The Markdown report looks like:

# External Nodes Report: finance_project

Total external nodes: 1

## By Resource Type
- `model`: 1

## By Package
- `core_project`: 1

## Nodes
| Package       | Type    | Name           | Unique ID                          |
| core_project  | model   | dim_customers  | model.core_project.dim_customers   |

The script also accepts a --fail-on-external flag, which exits with a non-zero status if any external nodes are detected. This is useful in a governance-focused CI check, for example, asserting that a project has no unexpected external dependencies beyond what’s been explicitly approved.

These scripts are workarounds, not solutions. The underlying limitation is a known constraint of dbt’s plugin API: injected nodes are not full ManifestNode objects, so dbt docs generate can’t enrich them the way it would native models. This may improve as the plugin API matures.


Caveats to Know Before Adopting

Plugin API is still beta. The dbt plugin system arrived in v1.6 and is still evolving. Pin your dbt and dbt-loom versions together and test upgrades carefully before rolling them to production.

Manifest freshness is your responsibility. There’s no background metadata service. If the upstream project runs and schema changes but the manifest isn’t republished, downstream projects silently build on stale information. Make manifest publishing a required, non-optional CI step.

Mark manifests as optional during bootstrapping. When standing up a new downstream project before the upstream has ever run, avoid hard failures:

manifests:
  - name: core_project
    type: file
    config:
      path: $CORE_PROJECT_MANIFEST_PATH
    optional: true

Exclude upstream packages from injection.

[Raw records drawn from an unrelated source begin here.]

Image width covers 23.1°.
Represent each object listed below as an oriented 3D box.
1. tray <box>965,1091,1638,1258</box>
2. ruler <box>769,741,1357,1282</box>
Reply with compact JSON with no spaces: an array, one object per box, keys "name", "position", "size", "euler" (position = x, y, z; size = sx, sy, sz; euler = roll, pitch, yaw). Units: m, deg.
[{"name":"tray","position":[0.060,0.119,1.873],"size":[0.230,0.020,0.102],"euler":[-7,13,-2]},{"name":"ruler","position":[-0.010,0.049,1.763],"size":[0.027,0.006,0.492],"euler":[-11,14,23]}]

If your upstream project uses dbt_project_evaluator or similar, you don’t want those nodes leaking into your downstream graph:

manifests:
  - name: core_project
    type: s3
    config:
      bucket_name: your-bucket
      object_name: manifest.json
    excluded_packages:
      - dbt_project_evaluator

When to Use dbt-loom vs. When to Consider dbt Cloud Mesh

Use dbt-loom if:

  • You’re on dbt Core and want multi-project references without a Cloud migration
  • Your team is comfortable owning manifest publishing in CI
  • You have a small-to-medium number of upstream projects (roughly 1–4)
  • You want to validate dbt Mesh patterns before committing to them at scale

Consider dbt Cloud Mesh if:

  • You need first-class cross-project lineage in a shared UI
  • You want environment-aware ref resolution (staging refs staging, prod refs prod) handled automatically
  • You have many interdependent projects and manifest management is becoming a coordination burden
  • You need model versioning and access policy governance at scale

Wrapping Up

The mono repo vs. multi repo question isn’t primarily a tooling question, it’s more about team ownership boundaries. If your data teams are becoming meaningfully independent, splitting dbt projects along domain lines is a sound architectural move regardless of which repo strategy you adopt.

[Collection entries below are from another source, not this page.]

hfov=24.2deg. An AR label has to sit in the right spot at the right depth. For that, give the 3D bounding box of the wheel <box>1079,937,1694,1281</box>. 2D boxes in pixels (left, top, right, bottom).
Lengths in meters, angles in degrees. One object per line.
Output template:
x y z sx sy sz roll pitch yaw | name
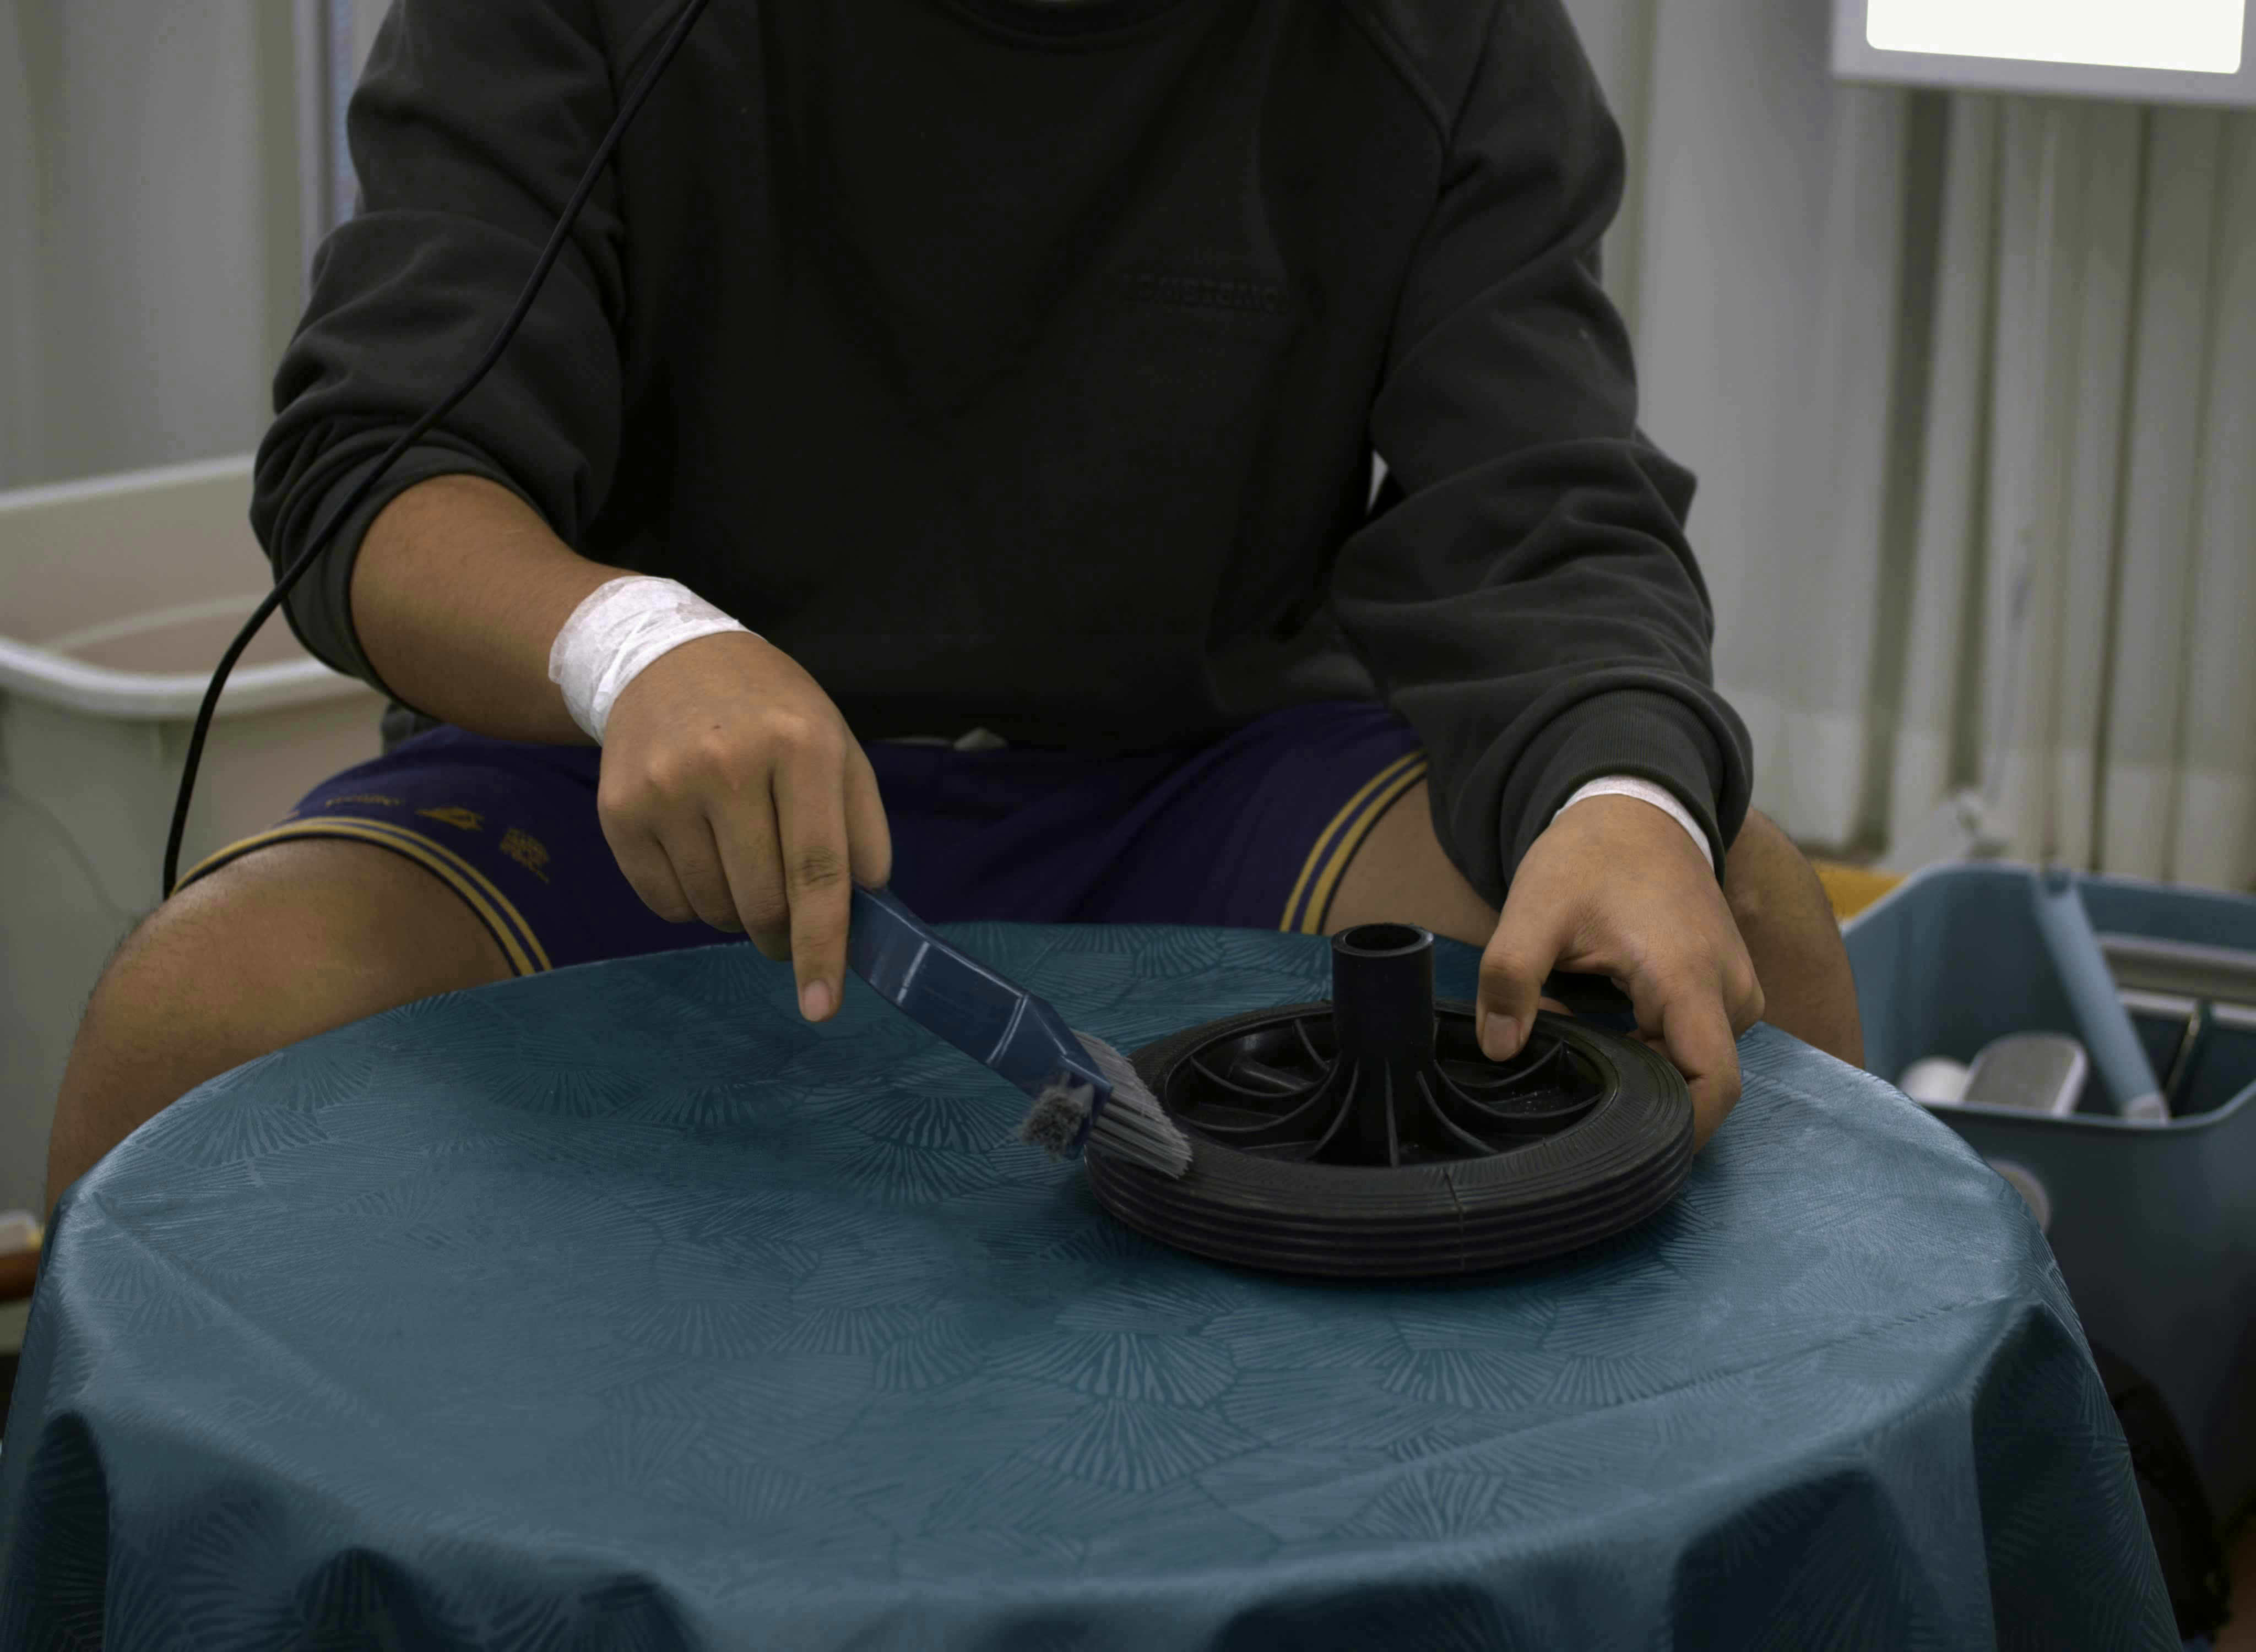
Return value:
0.078 0.076 1.612 0.188 0.080 0.187 6 20 23 | wheel

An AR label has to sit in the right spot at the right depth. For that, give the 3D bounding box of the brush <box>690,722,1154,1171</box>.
-0.080 0.034 1.628 0.097 0.033 0.269 13 17 -45 | brush

dbt-loom makes that move accessible without a Cloud contract. The mechanism is clean: upstream projects run and publish a manifest.json, downstream projects consume it and reference public models with the exact same ref() syntax dbt Cloud Mesh uses. No source code sharing, no tight coupling, just metadata.

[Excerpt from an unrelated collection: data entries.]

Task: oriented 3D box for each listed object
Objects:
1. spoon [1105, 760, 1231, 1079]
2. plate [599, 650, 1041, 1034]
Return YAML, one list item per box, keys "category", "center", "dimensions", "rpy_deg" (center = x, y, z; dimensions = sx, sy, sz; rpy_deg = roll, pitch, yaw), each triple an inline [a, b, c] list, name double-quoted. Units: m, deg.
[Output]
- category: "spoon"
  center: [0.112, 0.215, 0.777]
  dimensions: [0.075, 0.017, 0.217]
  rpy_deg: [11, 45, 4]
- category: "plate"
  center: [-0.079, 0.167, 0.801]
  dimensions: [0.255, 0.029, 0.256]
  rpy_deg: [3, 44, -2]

The fan-out pattern in the demo (one core_project feeding both finance_project and marketing_project) is the topology you’ll encounter most often in practice. Get the execution order right (upstream first, always), enforce public model contracts, keep your manifests fresh, and you have a working open-source data mesh.

The docs limitation is real but manageable with the patching scripts in the demo. If rich cross-project lineage in a shared UI is a hard requirement for your team, that’s probably the clearest signal to look at dbt Cloud Mesh seriously.